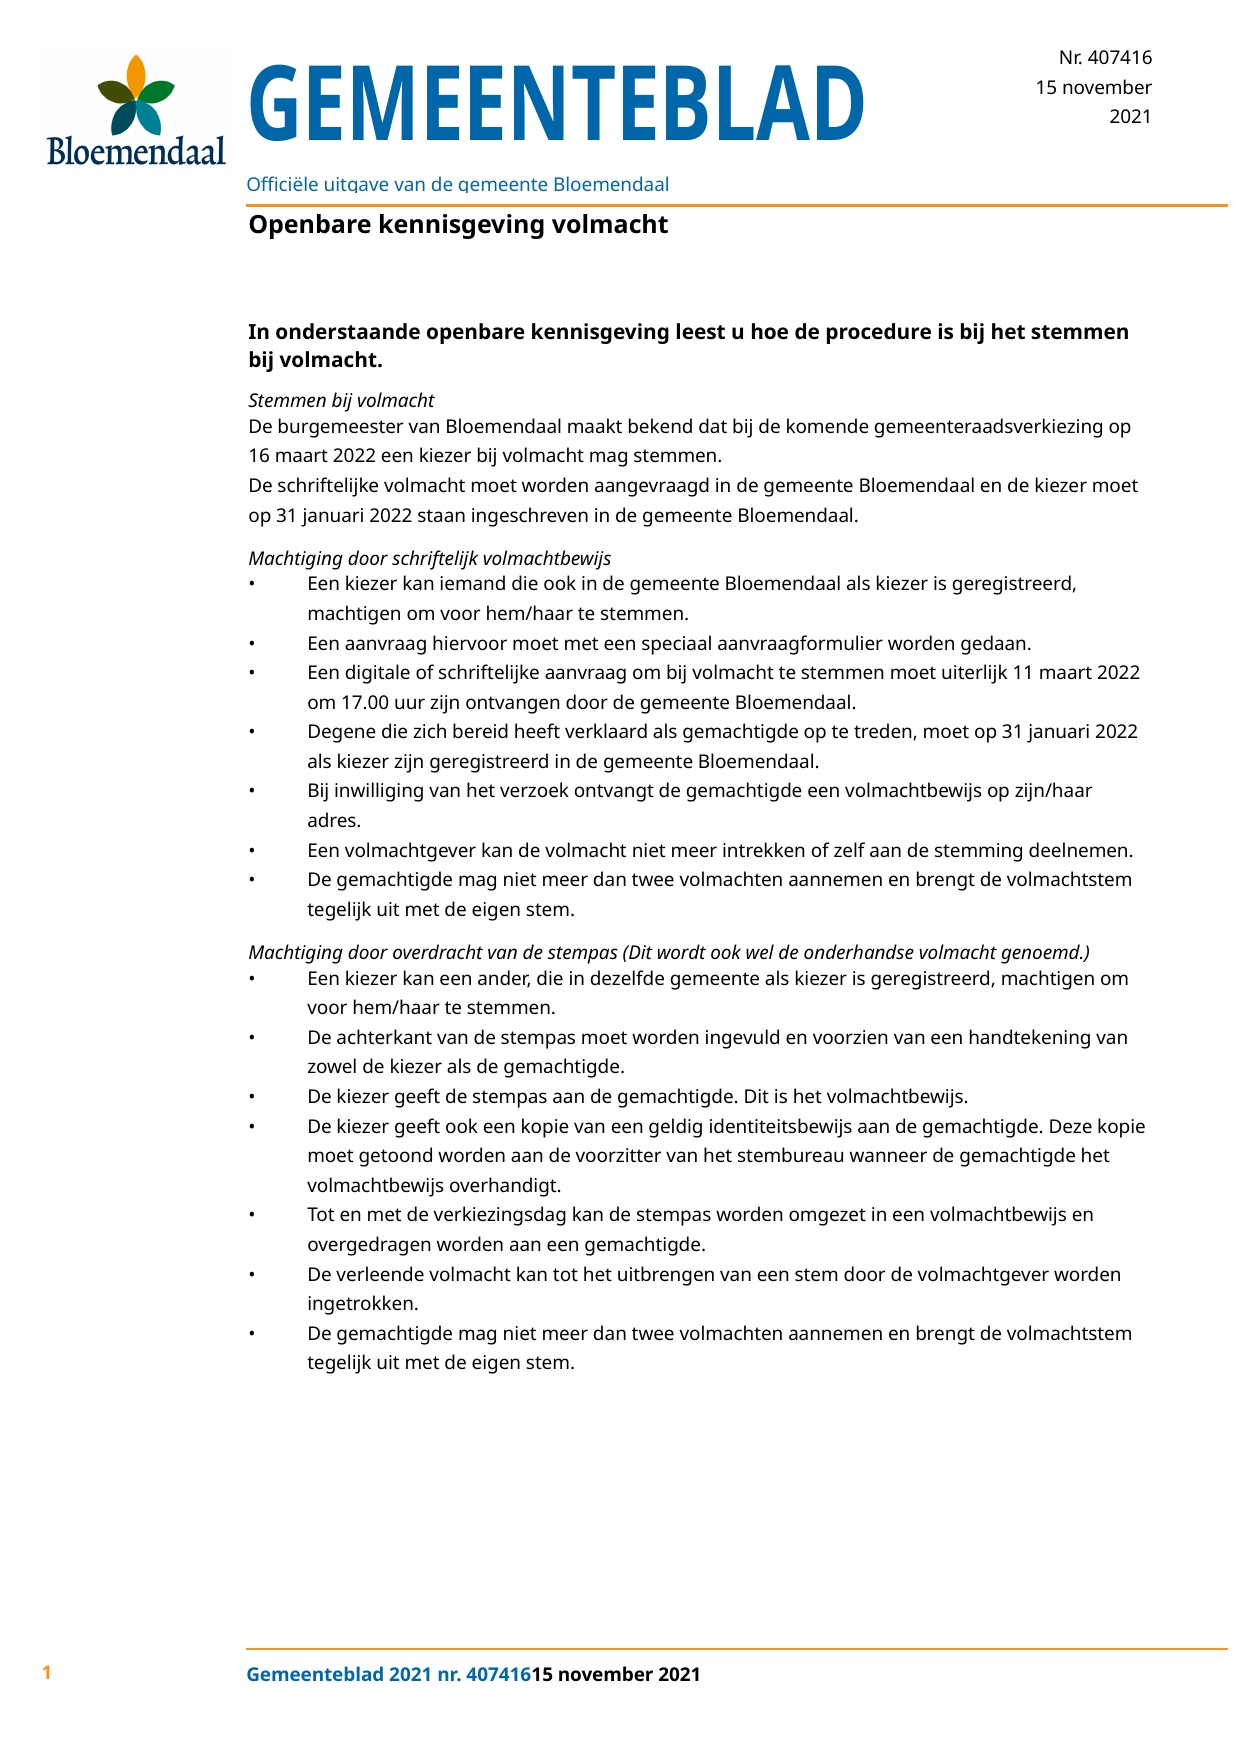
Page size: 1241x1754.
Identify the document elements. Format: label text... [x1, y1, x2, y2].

==

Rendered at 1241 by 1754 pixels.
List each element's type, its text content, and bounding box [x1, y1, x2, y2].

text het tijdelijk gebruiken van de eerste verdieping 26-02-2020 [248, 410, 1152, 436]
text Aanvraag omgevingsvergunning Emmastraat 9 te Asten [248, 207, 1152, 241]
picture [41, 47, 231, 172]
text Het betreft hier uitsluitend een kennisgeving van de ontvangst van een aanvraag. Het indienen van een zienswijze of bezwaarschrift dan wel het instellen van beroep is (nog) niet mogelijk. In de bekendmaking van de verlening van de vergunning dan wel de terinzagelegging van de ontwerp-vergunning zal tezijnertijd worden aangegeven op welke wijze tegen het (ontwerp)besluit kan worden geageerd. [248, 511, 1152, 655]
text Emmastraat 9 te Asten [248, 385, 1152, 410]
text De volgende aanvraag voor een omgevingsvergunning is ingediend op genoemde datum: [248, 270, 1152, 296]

---

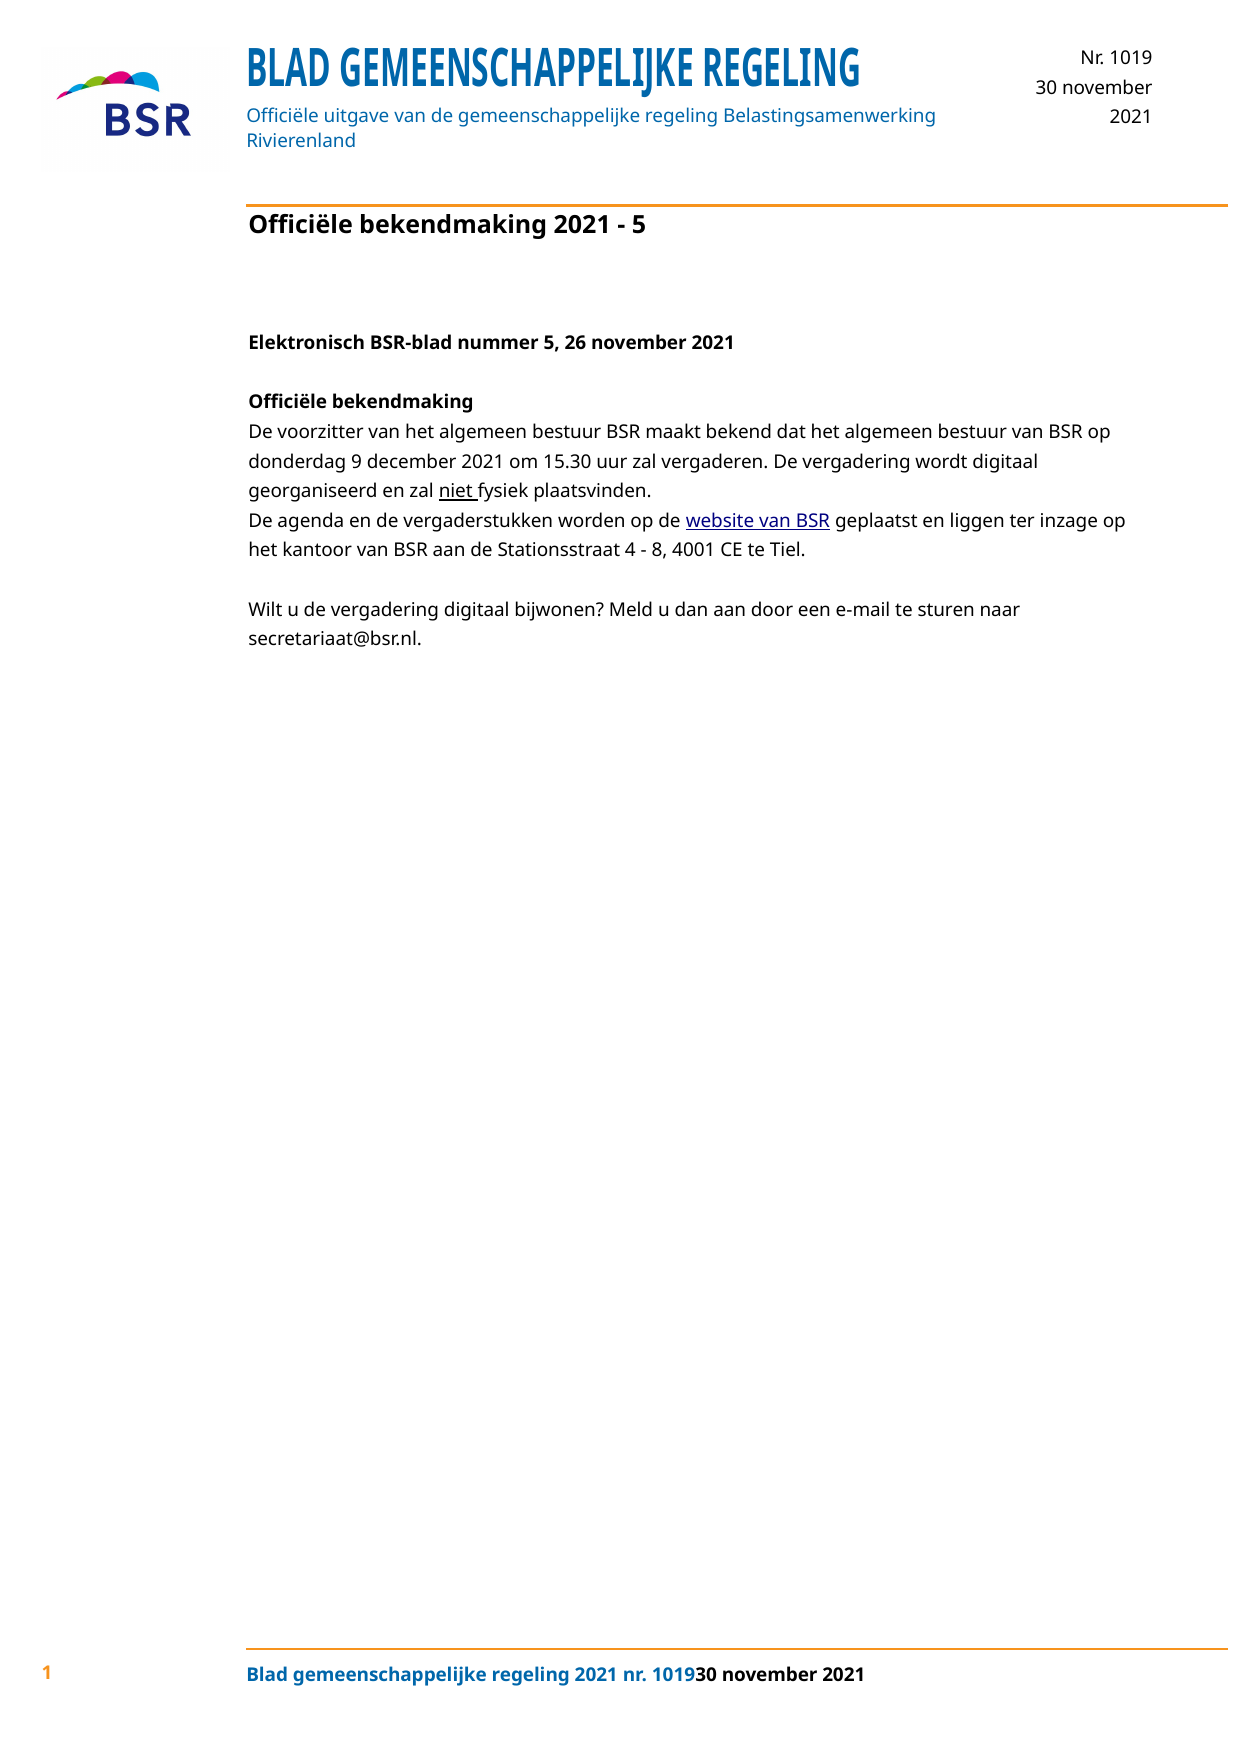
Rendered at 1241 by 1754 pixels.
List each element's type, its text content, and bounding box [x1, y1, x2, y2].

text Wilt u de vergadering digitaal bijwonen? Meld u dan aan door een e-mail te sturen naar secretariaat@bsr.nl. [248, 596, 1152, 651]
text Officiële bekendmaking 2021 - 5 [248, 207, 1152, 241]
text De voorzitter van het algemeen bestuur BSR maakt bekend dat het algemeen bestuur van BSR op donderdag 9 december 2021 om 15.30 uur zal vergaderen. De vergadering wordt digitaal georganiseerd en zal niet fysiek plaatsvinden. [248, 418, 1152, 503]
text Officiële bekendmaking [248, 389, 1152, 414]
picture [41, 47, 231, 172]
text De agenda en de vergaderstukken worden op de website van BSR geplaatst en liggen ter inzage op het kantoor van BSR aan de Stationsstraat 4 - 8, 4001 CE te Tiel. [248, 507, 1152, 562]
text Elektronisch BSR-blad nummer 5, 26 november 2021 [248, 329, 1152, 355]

[WHAT NEEDS TO BE DONE]
Within the listing above, give again exactly every line from the line with "Page size: 1241x1754." through the line with "Identify the document", both included, and no other line.

[WRITTEN SOLUTION]
Page size: 1241x1754.
Identify the document elements. Format: label text... [x1, y1, x2, y2].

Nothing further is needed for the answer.